WHAT IS NEEDED: Examine every line of the listing below. Count those containing "roll" and state only the result.

==========

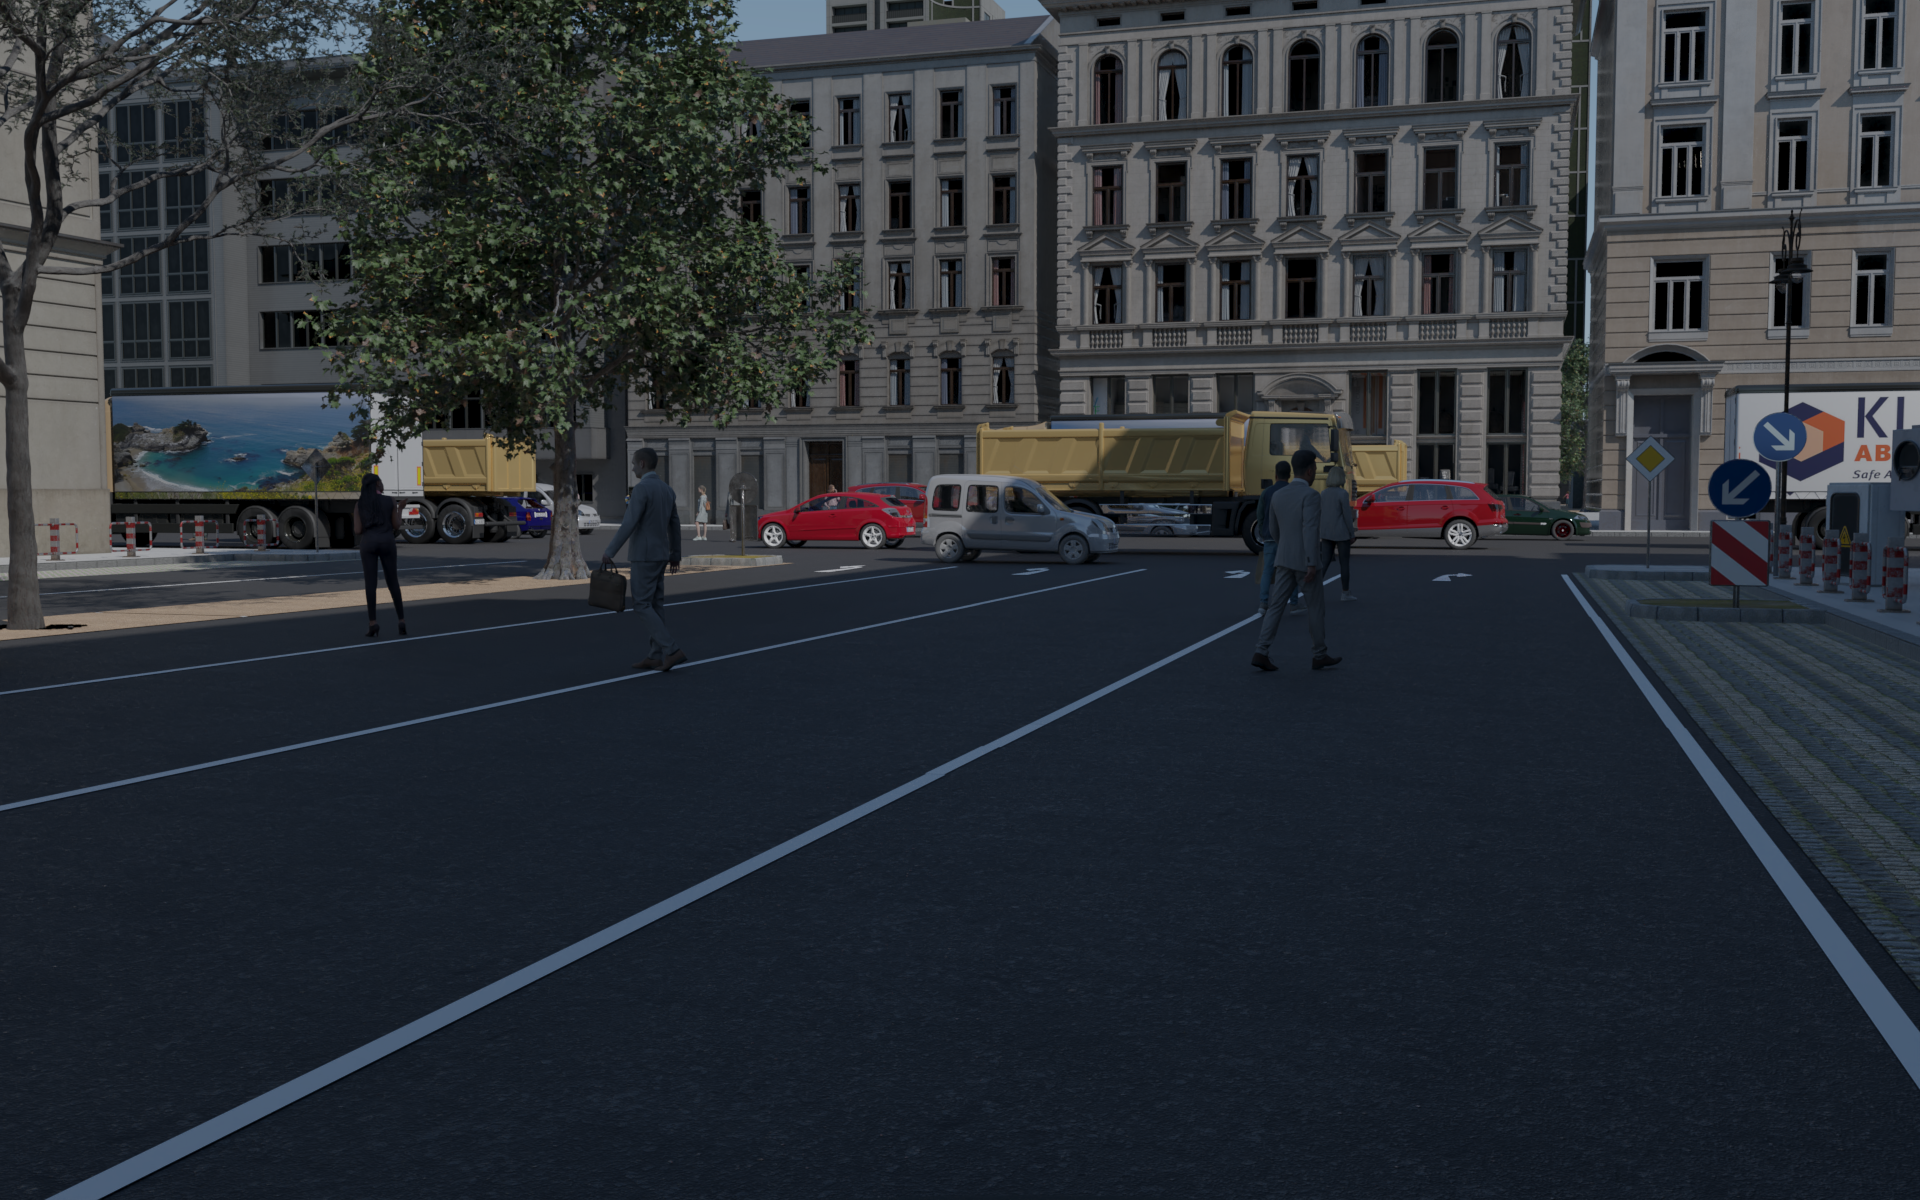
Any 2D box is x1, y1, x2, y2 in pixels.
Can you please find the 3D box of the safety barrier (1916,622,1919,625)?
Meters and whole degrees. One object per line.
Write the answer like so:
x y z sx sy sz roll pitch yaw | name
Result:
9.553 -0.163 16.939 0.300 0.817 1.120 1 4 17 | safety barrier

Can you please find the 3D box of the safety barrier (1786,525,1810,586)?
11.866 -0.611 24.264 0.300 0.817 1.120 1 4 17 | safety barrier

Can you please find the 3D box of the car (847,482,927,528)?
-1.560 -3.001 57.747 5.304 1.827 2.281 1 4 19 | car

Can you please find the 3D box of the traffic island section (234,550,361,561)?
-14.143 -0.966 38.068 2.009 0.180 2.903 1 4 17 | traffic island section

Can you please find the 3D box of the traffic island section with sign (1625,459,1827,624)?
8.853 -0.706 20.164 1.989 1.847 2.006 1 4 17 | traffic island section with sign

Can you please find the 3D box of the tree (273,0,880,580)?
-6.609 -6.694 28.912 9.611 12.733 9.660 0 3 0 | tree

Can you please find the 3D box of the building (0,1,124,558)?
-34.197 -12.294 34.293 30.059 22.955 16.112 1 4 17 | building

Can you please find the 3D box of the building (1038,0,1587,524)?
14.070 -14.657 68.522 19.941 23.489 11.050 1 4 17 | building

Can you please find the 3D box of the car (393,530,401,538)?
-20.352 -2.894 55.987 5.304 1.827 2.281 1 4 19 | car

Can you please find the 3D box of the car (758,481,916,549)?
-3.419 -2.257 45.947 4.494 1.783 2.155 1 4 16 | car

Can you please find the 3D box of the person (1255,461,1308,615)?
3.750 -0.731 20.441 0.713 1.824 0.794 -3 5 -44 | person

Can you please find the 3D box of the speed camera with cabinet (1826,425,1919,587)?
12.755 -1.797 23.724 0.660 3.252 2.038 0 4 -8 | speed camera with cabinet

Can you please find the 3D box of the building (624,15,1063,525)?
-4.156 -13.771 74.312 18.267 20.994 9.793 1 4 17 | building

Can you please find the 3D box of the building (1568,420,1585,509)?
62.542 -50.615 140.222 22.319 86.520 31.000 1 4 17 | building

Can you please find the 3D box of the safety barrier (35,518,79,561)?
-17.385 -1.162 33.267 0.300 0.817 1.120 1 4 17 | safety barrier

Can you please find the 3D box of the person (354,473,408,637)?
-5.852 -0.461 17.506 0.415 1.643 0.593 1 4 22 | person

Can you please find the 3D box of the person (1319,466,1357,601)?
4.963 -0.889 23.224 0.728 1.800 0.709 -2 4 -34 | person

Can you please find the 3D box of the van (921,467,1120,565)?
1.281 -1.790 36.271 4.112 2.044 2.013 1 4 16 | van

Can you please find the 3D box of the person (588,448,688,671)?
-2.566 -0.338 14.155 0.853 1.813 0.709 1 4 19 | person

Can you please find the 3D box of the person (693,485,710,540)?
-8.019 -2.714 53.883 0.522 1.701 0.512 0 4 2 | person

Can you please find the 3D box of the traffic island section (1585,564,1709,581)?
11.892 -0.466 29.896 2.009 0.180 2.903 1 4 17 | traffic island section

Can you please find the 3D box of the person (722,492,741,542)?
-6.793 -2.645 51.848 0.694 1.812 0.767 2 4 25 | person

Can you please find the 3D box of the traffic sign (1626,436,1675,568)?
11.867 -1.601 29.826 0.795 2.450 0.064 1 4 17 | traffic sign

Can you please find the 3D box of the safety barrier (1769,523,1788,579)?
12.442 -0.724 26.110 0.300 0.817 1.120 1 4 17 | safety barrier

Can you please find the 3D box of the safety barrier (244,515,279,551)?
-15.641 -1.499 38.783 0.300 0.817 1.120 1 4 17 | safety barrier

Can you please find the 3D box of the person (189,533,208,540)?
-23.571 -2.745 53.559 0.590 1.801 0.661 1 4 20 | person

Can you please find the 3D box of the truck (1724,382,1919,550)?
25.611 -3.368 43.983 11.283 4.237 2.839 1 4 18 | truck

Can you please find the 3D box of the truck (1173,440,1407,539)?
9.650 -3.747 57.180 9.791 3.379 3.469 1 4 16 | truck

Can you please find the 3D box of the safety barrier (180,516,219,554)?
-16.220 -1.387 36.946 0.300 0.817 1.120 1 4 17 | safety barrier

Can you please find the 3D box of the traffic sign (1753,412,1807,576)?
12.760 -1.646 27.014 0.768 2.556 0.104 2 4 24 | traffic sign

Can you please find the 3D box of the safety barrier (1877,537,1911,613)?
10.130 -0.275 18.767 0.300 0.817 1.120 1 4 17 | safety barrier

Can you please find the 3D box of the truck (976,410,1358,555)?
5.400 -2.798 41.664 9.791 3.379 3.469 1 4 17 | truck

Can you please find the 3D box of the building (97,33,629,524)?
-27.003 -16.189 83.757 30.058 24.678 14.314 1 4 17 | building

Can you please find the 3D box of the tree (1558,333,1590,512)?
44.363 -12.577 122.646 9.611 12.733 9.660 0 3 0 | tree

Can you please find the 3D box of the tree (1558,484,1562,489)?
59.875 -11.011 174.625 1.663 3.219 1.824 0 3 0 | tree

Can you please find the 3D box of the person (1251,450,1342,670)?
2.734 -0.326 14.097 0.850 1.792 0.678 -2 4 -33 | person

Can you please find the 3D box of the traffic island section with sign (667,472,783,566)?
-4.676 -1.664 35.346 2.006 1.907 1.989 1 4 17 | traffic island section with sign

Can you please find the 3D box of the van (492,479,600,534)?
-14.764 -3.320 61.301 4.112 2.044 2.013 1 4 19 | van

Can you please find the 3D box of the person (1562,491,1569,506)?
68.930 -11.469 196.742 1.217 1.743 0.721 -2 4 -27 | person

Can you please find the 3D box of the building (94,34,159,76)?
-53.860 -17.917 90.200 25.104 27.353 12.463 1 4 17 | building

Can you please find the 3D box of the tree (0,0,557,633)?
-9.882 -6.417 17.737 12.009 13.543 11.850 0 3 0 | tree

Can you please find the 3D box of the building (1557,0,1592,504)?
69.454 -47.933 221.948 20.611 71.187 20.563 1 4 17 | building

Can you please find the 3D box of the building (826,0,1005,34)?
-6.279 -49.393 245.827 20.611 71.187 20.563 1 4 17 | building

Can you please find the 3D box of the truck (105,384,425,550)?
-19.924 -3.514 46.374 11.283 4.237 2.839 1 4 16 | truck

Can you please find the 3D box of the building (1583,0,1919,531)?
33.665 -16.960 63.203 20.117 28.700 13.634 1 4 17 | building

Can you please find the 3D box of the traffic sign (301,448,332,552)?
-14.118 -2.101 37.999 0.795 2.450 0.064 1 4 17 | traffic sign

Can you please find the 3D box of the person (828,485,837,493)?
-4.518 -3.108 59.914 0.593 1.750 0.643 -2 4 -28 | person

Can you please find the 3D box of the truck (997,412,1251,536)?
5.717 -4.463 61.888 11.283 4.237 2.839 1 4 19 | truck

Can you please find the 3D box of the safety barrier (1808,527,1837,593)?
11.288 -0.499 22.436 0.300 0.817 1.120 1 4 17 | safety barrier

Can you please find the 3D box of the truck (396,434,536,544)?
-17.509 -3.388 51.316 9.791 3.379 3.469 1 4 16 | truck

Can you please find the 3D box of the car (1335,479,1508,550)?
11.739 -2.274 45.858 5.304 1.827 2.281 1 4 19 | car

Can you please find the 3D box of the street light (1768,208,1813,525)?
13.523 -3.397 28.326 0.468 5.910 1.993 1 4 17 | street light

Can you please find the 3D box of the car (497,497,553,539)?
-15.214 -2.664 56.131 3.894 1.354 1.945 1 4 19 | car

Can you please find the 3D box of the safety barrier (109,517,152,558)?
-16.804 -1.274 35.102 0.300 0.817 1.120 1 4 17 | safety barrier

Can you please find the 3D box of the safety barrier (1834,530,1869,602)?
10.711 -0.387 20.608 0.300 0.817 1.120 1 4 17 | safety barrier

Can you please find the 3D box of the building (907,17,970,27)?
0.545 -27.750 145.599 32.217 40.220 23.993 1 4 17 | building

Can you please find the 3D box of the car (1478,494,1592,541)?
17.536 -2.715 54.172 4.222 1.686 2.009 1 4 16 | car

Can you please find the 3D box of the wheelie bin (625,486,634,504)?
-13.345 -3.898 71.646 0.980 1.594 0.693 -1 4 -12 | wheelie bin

==========

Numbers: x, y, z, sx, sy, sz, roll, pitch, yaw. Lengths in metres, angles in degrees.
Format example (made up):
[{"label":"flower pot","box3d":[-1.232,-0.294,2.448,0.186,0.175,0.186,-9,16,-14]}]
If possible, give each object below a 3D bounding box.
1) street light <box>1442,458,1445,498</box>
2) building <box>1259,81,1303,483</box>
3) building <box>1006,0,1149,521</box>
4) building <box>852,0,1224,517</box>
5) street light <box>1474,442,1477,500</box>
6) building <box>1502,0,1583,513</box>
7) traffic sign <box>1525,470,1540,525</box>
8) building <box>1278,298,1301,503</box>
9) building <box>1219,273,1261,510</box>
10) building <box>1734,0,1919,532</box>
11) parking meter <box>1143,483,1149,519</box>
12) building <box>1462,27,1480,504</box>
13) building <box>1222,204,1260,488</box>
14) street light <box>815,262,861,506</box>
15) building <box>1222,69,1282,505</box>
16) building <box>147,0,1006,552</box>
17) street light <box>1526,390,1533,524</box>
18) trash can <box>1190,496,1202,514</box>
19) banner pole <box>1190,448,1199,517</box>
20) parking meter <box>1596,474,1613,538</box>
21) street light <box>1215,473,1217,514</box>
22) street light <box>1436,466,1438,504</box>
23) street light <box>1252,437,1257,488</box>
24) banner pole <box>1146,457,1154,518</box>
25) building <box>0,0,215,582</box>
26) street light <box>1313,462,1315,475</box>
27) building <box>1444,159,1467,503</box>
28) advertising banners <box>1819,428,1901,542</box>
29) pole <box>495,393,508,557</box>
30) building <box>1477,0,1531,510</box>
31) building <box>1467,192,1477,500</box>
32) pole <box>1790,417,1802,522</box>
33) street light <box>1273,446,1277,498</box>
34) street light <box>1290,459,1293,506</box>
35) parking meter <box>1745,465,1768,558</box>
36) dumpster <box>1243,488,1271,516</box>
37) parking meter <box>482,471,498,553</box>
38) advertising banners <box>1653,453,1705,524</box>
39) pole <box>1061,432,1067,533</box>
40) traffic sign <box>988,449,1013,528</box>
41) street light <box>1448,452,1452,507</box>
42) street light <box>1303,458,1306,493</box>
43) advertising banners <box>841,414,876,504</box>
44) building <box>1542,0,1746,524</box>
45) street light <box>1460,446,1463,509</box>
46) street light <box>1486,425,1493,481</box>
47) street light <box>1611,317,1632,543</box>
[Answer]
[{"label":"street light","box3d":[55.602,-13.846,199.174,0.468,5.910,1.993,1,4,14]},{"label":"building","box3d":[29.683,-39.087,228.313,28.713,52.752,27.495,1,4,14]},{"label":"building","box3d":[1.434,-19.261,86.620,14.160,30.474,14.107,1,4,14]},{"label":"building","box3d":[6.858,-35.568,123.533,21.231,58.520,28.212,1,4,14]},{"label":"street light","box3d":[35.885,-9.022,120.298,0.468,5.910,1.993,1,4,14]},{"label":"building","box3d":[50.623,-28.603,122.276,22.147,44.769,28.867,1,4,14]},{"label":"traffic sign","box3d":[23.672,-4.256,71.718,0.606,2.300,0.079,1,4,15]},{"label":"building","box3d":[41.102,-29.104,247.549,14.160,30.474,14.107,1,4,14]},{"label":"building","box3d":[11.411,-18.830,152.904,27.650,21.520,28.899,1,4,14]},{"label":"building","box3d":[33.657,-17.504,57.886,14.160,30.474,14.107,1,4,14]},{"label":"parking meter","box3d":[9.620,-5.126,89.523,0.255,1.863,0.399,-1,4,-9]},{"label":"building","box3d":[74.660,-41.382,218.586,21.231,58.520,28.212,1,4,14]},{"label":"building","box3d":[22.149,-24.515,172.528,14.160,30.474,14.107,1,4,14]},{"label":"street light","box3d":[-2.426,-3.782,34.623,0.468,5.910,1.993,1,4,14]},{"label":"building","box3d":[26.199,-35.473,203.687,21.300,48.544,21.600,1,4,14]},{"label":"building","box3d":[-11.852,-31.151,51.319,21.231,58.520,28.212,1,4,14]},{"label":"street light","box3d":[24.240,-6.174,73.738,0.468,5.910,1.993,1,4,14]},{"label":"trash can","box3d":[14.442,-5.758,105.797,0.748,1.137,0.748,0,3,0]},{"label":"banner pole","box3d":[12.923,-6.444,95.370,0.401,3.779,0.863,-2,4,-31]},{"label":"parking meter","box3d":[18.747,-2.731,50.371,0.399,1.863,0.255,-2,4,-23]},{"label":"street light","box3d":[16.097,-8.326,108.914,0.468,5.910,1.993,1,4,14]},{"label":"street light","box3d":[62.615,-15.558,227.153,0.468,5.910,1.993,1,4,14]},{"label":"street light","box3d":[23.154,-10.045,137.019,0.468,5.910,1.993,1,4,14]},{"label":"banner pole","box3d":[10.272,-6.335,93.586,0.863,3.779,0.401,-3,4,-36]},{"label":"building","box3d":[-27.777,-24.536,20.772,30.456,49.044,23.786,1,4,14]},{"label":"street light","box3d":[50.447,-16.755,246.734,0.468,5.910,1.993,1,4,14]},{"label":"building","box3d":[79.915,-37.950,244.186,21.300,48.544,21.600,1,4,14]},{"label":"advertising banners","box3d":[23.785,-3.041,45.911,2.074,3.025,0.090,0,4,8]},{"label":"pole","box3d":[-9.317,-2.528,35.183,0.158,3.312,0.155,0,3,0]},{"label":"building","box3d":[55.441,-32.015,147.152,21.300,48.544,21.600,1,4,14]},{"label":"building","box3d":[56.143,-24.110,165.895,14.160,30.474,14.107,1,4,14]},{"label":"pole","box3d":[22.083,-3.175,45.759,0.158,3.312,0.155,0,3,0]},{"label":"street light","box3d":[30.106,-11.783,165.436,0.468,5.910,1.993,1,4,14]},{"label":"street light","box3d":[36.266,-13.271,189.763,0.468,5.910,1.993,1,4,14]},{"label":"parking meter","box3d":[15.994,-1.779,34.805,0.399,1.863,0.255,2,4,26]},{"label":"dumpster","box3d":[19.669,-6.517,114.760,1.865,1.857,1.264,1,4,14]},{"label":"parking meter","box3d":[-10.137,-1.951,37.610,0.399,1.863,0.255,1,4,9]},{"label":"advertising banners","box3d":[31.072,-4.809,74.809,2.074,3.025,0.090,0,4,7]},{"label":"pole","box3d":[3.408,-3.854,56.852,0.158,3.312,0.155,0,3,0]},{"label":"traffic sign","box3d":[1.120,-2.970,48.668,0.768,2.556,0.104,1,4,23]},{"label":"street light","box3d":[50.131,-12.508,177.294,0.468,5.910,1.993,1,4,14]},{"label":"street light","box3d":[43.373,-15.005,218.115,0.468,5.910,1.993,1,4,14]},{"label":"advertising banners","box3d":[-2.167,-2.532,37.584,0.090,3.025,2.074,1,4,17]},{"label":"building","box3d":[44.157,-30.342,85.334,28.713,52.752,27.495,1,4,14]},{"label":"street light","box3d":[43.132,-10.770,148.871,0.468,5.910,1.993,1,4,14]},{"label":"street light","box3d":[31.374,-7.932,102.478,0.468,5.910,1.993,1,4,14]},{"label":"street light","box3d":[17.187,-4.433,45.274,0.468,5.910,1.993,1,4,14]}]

==========

RESPONSE FOR THIS EXERCISE: 2